La crise du logement ne serait pas celle du logement social, à en croire l'analyse faite par la Fondation Ifrap, un groupe de réflexion sur les politiques publiques. Le parc de logements sociaux représente en effet 17 % de l'ensemble du parc français, soit deux fois plus que la moyenne dans l'Union européenne (8,6 %). Ainsi, 40 Mrds € (soit 2,3 % du PIB) seraient dépensés chaque année pour soutenir cette politique volontariste, là encore deux fois supérieure à ce qui se pratique chez nos voisins. "Les aides publiques en direction des bailleurs sociaux représentent 9 Mrds €, auxquels s'ajoutent 7 Mrds € d'aides personnelles que perçoivent directement les bailleurs sociaux (…) Les aides personnelles au logement sont, avant tout, des aides sociales : leur montant (17 Mrds €) est supérieur aux allocations familiales (12,5 Mrds €) ou encore au RSA socle (7,8 Mrds €)", décortique le rapport du think tank.
Les auteurs poursuivent : "Le résultat n'est pourtant pas à la hauteur (…) dans les zones tendues, où la crise du logement se concentre, la puissance publique est incapable de trancher entre loger les plus pauvres et 'faire de la mixité sociale'". La Fondation Ifrap note ainsi qu'en zone urbaine, les locataires les plus pauvres seraient majoritairement logés dans le parc privé, alors qu'un quart des occupants de logements sociaux appartiendraient aux franges dont les revenus sont les plus élevés. En tout, 66 % des Français seraient éligibles à entrer dans un habitat social. Outre cette situation paradoxale, le rapport pointe "un déchaînement normatif et bureaucratique en matière de logement", une nouvelle étape étant franchie avec la loi SRU renforcée et le projet de loi Egalité et citoyenneté. L'étude souligne les taux de vacances de ces logements créés dans les zones détendues : "Alors que la moyenne nationale est de 1,6 %, ce taux atteint dans certains territoires près de 10 %. A Saint-Etienne, le taux atteint les 7 % (alors même que l'agglomération est soumise à la loi SRU)". Une modulation serait prévue mais les élus locaux feraient pression afin d'obtenir toujours plus de constructions. "Le comble étant que des organismes HLM, faute de candidats, proposent leurs logements sur Leboncoin ou dans des agences immobilières", s'étonnent les auteurs.
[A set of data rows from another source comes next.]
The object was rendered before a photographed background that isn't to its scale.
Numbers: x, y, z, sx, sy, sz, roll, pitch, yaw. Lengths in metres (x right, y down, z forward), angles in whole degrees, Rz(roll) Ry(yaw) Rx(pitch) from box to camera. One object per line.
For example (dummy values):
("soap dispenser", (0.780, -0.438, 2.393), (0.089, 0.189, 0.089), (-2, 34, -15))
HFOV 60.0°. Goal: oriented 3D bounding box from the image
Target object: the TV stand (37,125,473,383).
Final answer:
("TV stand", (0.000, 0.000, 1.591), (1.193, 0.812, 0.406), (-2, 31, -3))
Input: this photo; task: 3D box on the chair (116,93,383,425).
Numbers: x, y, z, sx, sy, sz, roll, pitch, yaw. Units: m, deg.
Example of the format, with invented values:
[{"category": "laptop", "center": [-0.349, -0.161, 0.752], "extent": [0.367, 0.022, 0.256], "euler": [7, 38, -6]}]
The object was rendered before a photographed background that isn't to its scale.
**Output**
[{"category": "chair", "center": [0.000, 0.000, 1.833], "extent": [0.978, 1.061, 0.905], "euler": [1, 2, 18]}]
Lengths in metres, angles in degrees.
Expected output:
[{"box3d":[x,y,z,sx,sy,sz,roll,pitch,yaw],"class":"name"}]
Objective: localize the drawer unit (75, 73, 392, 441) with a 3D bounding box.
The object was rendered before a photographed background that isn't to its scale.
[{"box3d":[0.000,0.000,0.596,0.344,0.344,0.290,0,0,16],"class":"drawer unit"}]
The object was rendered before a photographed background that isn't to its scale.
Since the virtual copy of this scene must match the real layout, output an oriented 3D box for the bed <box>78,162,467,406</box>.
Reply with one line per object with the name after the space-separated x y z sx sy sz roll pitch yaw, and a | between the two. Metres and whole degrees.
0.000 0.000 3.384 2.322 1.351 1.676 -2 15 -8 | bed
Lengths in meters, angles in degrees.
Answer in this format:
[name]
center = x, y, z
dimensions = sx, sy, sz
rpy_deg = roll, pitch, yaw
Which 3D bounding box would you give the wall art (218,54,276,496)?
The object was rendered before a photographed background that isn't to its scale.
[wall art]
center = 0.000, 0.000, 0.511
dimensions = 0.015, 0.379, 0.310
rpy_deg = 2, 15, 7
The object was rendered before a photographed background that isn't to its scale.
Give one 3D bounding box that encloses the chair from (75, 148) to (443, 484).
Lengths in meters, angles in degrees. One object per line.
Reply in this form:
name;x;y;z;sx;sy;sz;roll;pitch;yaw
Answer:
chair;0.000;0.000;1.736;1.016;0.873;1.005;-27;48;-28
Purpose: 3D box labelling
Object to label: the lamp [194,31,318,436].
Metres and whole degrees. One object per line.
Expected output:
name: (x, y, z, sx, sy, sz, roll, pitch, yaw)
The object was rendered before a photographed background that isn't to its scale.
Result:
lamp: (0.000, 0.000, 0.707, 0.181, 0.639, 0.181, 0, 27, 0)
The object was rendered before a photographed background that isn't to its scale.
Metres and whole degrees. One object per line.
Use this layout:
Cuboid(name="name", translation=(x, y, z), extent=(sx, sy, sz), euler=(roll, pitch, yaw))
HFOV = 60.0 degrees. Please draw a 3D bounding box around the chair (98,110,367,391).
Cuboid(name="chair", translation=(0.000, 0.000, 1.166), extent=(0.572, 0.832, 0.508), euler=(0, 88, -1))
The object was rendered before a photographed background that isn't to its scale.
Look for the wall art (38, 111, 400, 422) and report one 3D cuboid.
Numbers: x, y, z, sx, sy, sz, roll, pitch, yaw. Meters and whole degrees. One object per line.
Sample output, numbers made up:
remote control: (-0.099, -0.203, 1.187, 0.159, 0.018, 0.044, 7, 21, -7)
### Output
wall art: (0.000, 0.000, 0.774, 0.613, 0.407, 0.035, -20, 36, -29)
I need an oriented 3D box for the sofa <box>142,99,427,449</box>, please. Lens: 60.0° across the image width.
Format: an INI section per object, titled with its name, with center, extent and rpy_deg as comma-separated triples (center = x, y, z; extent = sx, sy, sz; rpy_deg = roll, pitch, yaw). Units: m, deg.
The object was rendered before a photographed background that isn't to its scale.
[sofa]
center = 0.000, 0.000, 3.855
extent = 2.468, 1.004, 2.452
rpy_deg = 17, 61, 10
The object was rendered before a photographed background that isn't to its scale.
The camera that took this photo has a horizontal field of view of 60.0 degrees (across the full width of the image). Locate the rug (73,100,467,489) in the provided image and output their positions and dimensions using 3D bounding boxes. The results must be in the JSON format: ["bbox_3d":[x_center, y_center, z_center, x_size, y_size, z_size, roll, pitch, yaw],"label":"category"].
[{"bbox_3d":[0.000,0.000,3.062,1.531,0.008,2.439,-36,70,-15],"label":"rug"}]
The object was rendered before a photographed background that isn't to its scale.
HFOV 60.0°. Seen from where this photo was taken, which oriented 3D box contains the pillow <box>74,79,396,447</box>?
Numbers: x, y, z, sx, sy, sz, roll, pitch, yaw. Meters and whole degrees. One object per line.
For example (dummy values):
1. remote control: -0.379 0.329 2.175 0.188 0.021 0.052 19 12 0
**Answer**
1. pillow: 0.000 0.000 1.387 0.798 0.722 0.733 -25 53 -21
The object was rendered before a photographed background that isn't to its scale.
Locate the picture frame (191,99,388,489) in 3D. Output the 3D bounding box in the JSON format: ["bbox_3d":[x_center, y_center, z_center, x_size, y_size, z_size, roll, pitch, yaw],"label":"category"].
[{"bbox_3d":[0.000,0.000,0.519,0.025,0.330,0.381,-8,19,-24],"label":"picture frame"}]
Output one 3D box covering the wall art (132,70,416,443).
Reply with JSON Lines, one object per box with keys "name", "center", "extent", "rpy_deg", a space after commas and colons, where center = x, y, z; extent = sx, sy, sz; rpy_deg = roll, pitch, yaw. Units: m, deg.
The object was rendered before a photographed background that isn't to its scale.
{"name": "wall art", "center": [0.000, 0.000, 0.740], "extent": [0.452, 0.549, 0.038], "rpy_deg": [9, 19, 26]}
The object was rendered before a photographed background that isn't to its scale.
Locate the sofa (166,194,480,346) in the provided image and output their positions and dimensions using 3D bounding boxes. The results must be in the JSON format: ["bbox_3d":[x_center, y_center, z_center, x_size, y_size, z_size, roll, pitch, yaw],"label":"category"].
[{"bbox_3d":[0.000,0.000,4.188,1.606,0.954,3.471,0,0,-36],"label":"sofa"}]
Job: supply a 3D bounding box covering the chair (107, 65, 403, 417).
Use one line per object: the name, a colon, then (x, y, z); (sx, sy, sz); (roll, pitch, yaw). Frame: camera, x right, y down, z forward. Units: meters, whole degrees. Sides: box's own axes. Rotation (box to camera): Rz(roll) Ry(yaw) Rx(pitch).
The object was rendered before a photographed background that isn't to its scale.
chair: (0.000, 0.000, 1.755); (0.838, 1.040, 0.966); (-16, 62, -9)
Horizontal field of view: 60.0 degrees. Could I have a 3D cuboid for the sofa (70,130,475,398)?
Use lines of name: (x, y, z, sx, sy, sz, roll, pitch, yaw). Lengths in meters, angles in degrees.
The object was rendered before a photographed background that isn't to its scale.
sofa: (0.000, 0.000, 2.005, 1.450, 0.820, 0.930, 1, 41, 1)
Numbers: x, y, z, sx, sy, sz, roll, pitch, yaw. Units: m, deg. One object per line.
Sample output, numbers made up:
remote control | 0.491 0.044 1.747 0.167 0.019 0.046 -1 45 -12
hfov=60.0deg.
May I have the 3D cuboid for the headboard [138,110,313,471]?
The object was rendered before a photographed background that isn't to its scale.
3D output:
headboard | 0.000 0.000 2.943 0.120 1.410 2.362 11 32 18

Diviser par deux les aides aux organismes HLM
Ils souhaitent un radical changement de politique, avec l'abandon du rôle généraliste du logement social en "limitant son intervention à l'hébergement des personnes qui, souvent provisoirement, ne peuvent pas se loger par elles-mêmes". La Fondation Ifrap formule plusieurs propositions afin de libéraliser les initiatives et encourager les bailleurs privés à investir dans le logement intermédiaire. Elle propose notamment de déléguer la politique du logement aux régions et de supprimer l'article 55 de la loi SRU qui fixe à 25 % le taux de logements sociaux au niveau national. De même, elle suggère de ramener progressivement les aides publiques au logement à 1 % du PIB (soit 3 Mrds € de baisse sur cinq ans), afin d'atteindre des valeurs comparables à celles observées en moyenne dans l'UE. Pour les zones détendues, les auteurs estiment qu'il faut cesser de construire des logements sociaux et même de "les revendre à leurs occupants ou à des bailleurs privés". De même, dans certaines zones tendues, "obliger les villes qui (en) comptent plus de 30 % (…) à les céder progressivement". Pour le cas particulier de Paris, ils conseillent de stopper la politique de préemption qui conduirait à un "mitage" défavorisant le secteur libre, et de "limiter la part des logements sociaux dans les opérations de promotion neuves". Le but ? Ramener le parc dans la moyenne européenne de 10 %, y compris en incitant les organismes à revendre les biens une fois les prêts remboursés, à l'image de ce qu'il se fait en Allemagne.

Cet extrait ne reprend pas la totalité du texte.